Higher-order terms can only have one mode. If the predicate or function to be curried has multiple modes, you must select the mode you want by writing an explicit lambda term that calls the desired mode.
There is one exception: currying of a multi-moded predicate or function is allowed provided that the mode of the predicate or function can be determined from the insts of the higher-order curried arguments. (This may not make sense yet.)
Creating a higher-order term by currying another higher-order term is also not supported. Again, the solution is to write an explicit lambda term.

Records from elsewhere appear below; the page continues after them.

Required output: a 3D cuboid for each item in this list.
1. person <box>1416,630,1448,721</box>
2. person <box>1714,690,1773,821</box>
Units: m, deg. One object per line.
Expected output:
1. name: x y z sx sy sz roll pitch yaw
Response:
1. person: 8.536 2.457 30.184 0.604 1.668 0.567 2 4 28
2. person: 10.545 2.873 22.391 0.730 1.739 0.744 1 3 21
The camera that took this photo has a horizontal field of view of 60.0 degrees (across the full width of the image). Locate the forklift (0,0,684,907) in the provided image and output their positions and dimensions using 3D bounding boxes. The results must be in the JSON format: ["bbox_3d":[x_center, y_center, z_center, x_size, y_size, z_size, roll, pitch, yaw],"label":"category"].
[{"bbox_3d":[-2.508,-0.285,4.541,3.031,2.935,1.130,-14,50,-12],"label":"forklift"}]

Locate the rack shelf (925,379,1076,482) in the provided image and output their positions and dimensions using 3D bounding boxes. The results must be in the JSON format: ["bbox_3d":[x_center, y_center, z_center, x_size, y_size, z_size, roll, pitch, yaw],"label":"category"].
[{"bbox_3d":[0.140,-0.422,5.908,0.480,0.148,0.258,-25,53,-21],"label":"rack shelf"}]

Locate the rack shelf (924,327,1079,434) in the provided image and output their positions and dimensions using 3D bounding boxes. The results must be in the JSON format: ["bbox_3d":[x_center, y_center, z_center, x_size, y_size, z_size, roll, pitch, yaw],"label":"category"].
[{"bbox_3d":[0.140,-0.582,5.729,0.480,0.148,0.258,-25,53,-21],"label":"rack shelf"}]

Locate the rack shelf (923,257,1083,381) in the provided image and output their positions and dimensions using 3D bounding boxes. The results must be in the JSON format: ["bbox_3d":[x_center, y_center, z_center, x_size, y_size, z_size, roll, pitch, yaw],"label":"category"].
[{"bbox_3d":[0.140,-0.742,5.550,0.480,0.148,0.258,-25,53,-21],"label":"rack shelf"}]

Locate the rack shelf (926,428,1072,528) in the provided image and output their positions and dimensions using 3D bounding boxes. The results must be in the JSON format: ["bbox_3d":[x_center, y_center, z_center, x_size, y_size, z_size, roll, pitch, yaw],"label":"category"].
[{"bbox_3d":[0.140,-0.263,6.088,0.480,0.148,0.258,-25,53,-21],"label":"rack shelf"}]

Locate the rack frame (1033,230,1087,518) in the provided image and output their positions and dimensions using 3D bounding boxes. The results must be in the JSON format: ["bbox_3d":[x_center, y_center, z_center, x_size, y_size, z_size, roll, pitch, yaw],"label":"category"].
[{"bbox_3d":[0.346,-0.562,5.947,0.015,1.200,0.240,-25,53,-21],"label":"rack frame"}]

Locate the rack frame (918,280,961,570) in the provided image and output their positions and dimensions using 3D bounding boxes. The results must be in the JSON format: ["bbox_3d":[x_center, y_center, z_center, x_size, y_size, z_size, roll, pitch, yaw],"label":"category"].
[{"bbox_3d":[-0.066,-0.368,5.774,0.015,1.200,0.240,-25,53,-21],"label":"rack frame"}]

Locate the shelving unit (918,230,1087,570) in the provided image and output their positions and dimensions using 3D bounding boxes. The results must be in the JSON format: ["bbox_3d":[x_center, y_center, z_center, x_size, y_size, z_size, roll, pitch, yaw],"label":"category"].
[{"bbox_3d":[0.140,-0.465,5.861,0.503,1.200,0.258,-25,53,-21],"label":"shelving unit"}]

We generally order arguments of predicate and function to make them amenable to currying, usually from least varying to most varying, with state variable pairs at the end of the argument list.
State variables obey special scope rules. A state variable X must be
explicitly introduced in the head of a lambda (it may appear as either
or both of !.X
or !:X
). A state variable X in the enclosing scope
of a lambda may only be referred to as !.X
(unless the enclosing X is
masked by a more local state variable of the same name.)
MyPred = (pred(!.X::in, !:X::out) is det :-
...
)
You can call a higher-order term by writing it where the predicate name
would appear in a call goal, or where the function name would appear in
a call expression. If the variables P
and F
are bound to higher-order
terms then we can call them:
P(X, Y, Z),
Result = F(X)
You may occasionally see the call/N
goal for higher-order predicates,
and apply/N
expressions for higher-order functions.
call(P, X, Y, Z),
Result = F(X)
There is mostly no need to use them, but apply
is necessary to
distinguish a call to a zero-arity higher-order function from a reference
to that function, e.g.
Thunk = ((func) = 1),
F = Thunk, % F has type '(func) = int'
V = apply(Thunk) % V has type 'int'
The type of a higher-order predicate term has the forms:
(pred)
pred(TYPE1, ..., TYPE)
The type of a higher-order function term has the forms:
(func) = TYPE
func(TYPE1, ..., TYPEn) = TYPE
Suppose you receive a higher-order term and you know it has type
pred(int, int)
. Can you call it? Not necessarily! Because Mercury
has the concept of modes and determinism, knowing only the type of the
higher-order term is not enough to call it. You will also need to know
the argument modes (which arguments are input and output) and its
determinism category (can it fail, or will it succeed multiple times).
That information is to be found in a higher-order term's inst, not its type. We will see the reason for this design, and also an undesirable consequence of it.
Higher-order insts have the forms:
(pred) is DETERMINISM
pred(MODE1, ..., MODE) is DETERMINISM
(func) = MODE is DETERMINISM
func(MODE1, ..., MODEn) = MODE is DETERMINISM
When defining a predicate or function that takes a higher-order argument, that argument should have a higher-order inst or you will not be able to call it. Similarly, if a predicate or function returns a higher-order term, that result must have a higher-order inst, otherwise the receiver of the term will not be able to call it. (But see "Default insts for functions" for an exception.)
We will show some examples of higher-order predicates and functions now.
The list
module defines a "map" predicate that applies a given predicate to
each element of a list, returning a new list.
It also defines a "map" function that applies applies a given function to each
element of a list, returning a new list.
Suppose we want to square every integer in list. A predicate to do that is:
:- pred square_list(list(int), list(int)).
:- mode square_list(in, out) is det.
square_list([], []).
square_list([X | Xs], [Y | Ys]) :-
Y = X * X,
square_list(Xs, Ys).
This is straightforward, but a lot of code falls into this pattern. We would like to avoid writing this predicate over and over again, only with a different operation at its core. We can abstract away the squaring operation, replacing it with a higher-order term passed into the predicate.
:- pred map(pred(X, Y), list(X), list(Y)).
:- mode map(???, in, out) is det.
map(_P, [], []).
map(P, [X | Xs], [Y | Ys]) :-
P(X, Y),
map(Xs, Ys).
The only question is what to put in for the argument mode ???
.
The higher-order term is called with the first argument as input and
the second argument as output, and it must be deterministic for map/3
to be deterministic. Therefore we expect the higher-order inst will be
pred(in, out) is det
.
Using the parametric modes introduced in the previous chapter:
:- mode in(Inst) == Inst >> Inst.
:- mode out(Inst) == free >> Inst.
we can declare the mode of map/3
as:
:- mode map(in(pred(in, out) is det), in, out) is det.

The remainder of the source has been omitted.